MATERIAL PROVIDED Block Start

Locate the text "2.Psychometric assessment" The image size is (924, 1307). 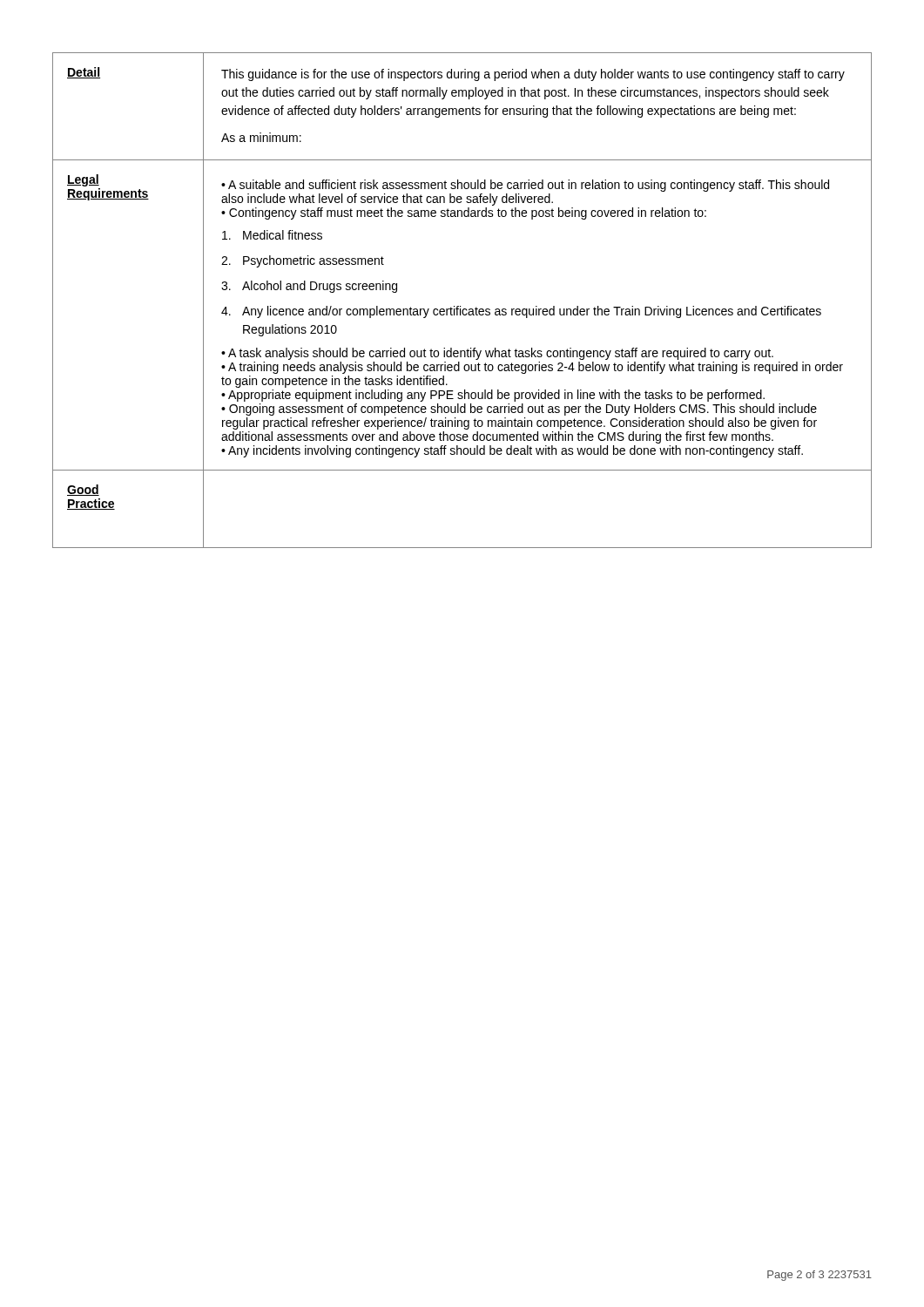pos(303,261)
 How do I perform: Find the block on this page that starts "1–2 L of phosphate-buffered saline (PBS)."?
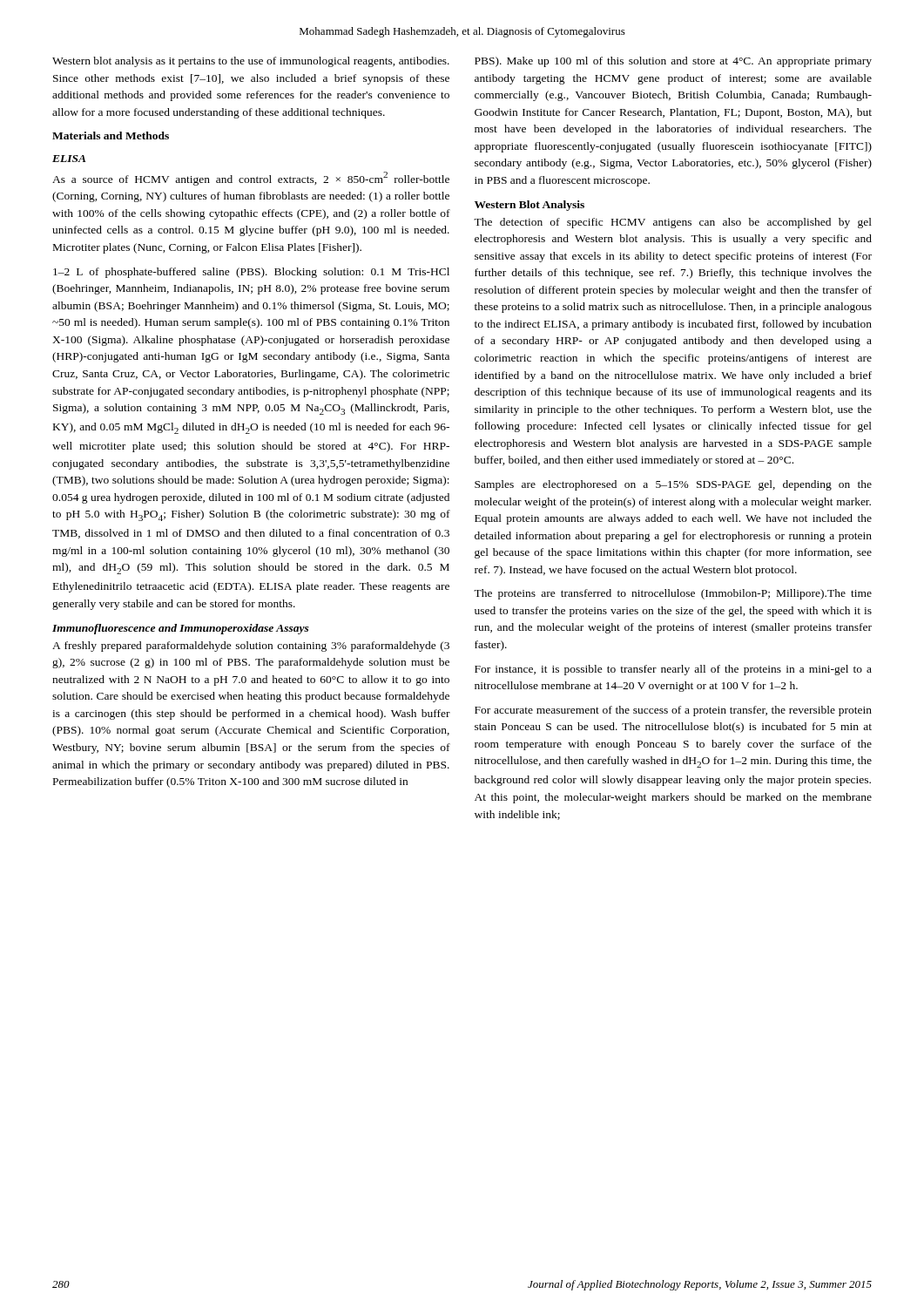click(x=251, y=437)
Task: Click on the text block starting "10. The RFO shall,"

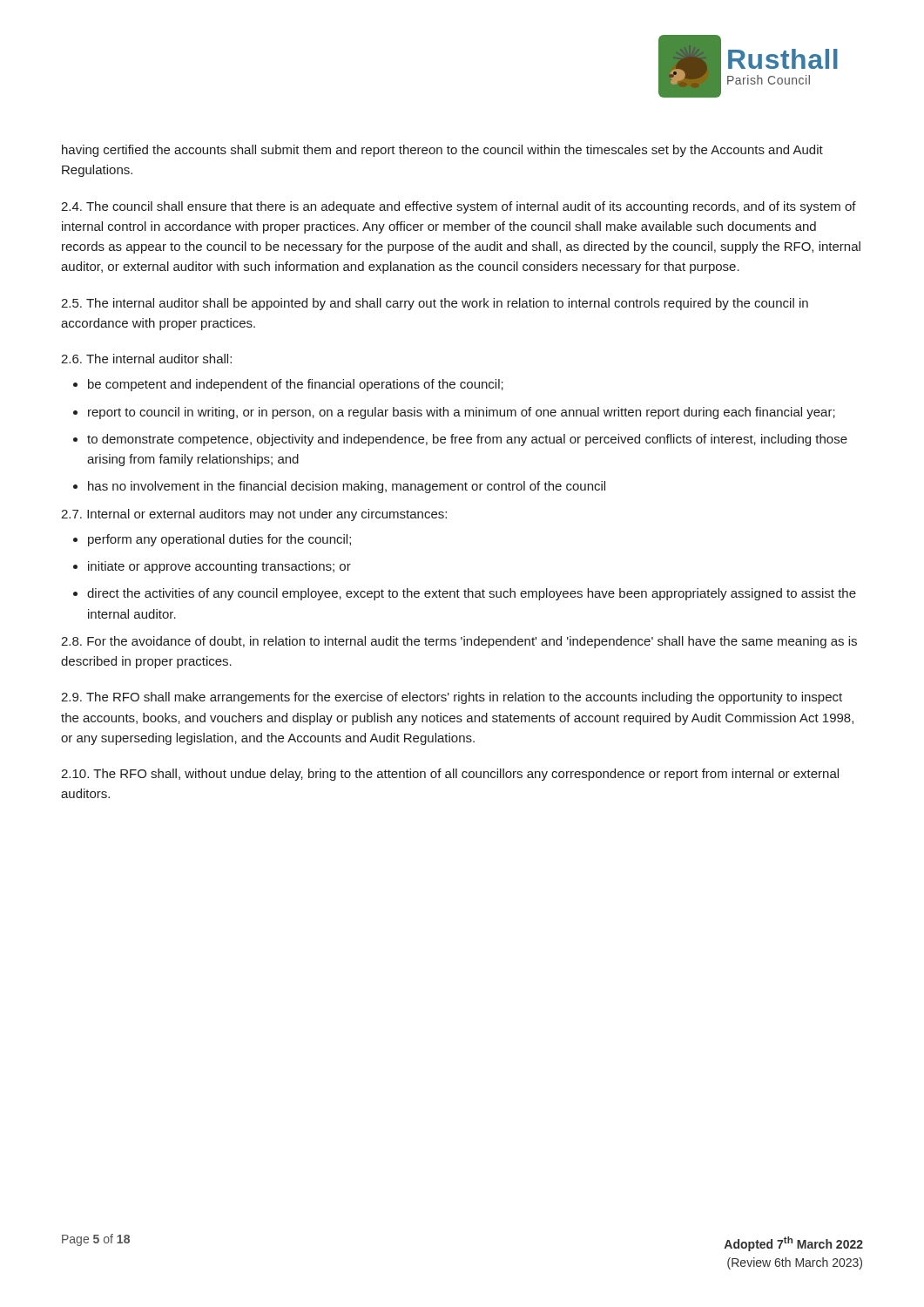Action: [450, 783]
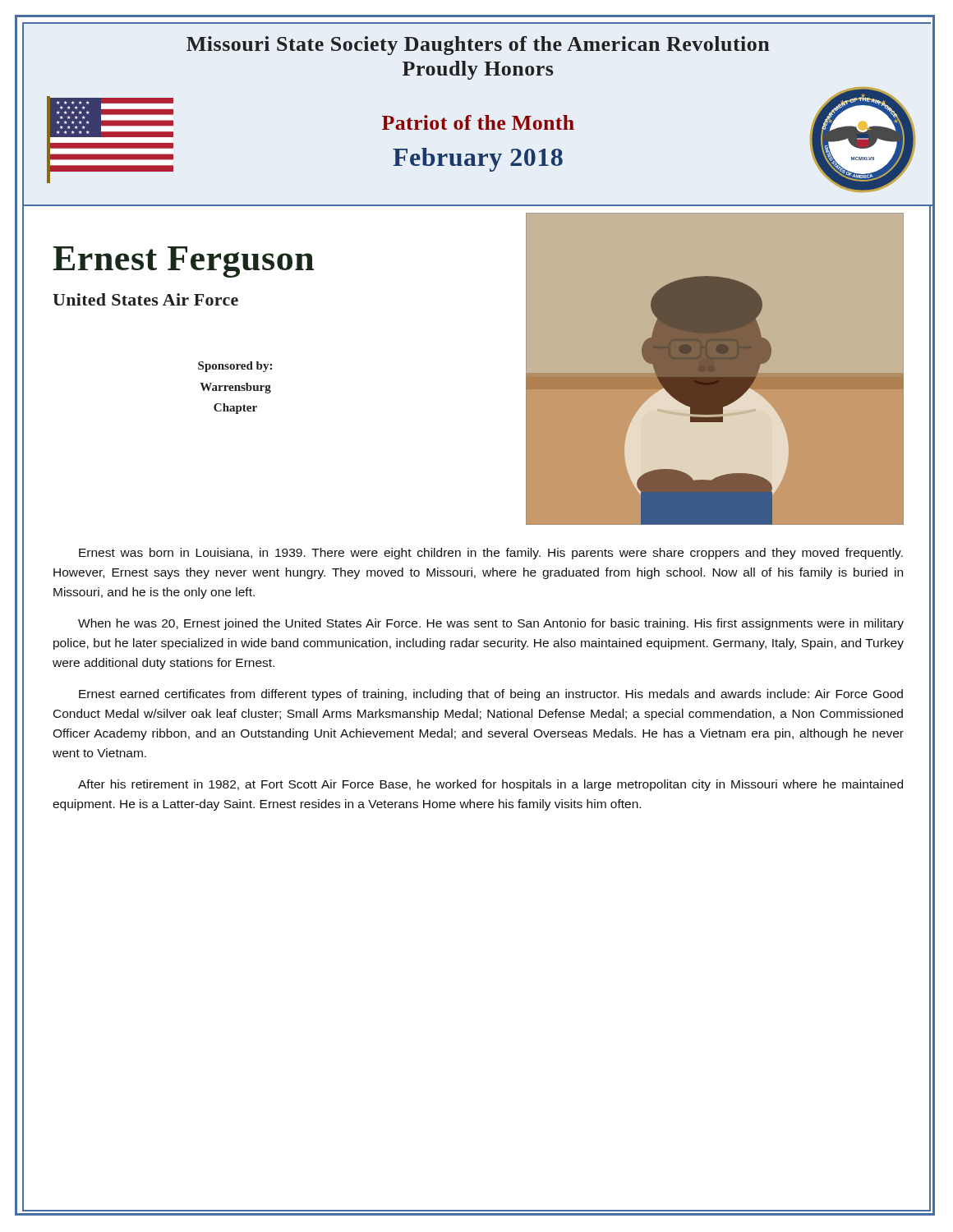Select the block starting "Ernest Ferguson"

(x=235, y=258)

MATERIAL PROVIDED Block End

EXERCISE PROMPT:
Would you restate, word for word, the lines from the one holding "How do I perform: Find" through the end of the material above? Omit the pictures.

OUTPUT OF THE EXERCISE:
 How do I perform: Find the block on this page that starts "1–2 L of phosphate-buffered saline (PBS)."?
click(x=251, y=437)
Task: Click on the text block starting "10. The RFO shall,"

Action: [450, 783]
Select the block starting "Ernest Ferguson"

(x=235, y=258)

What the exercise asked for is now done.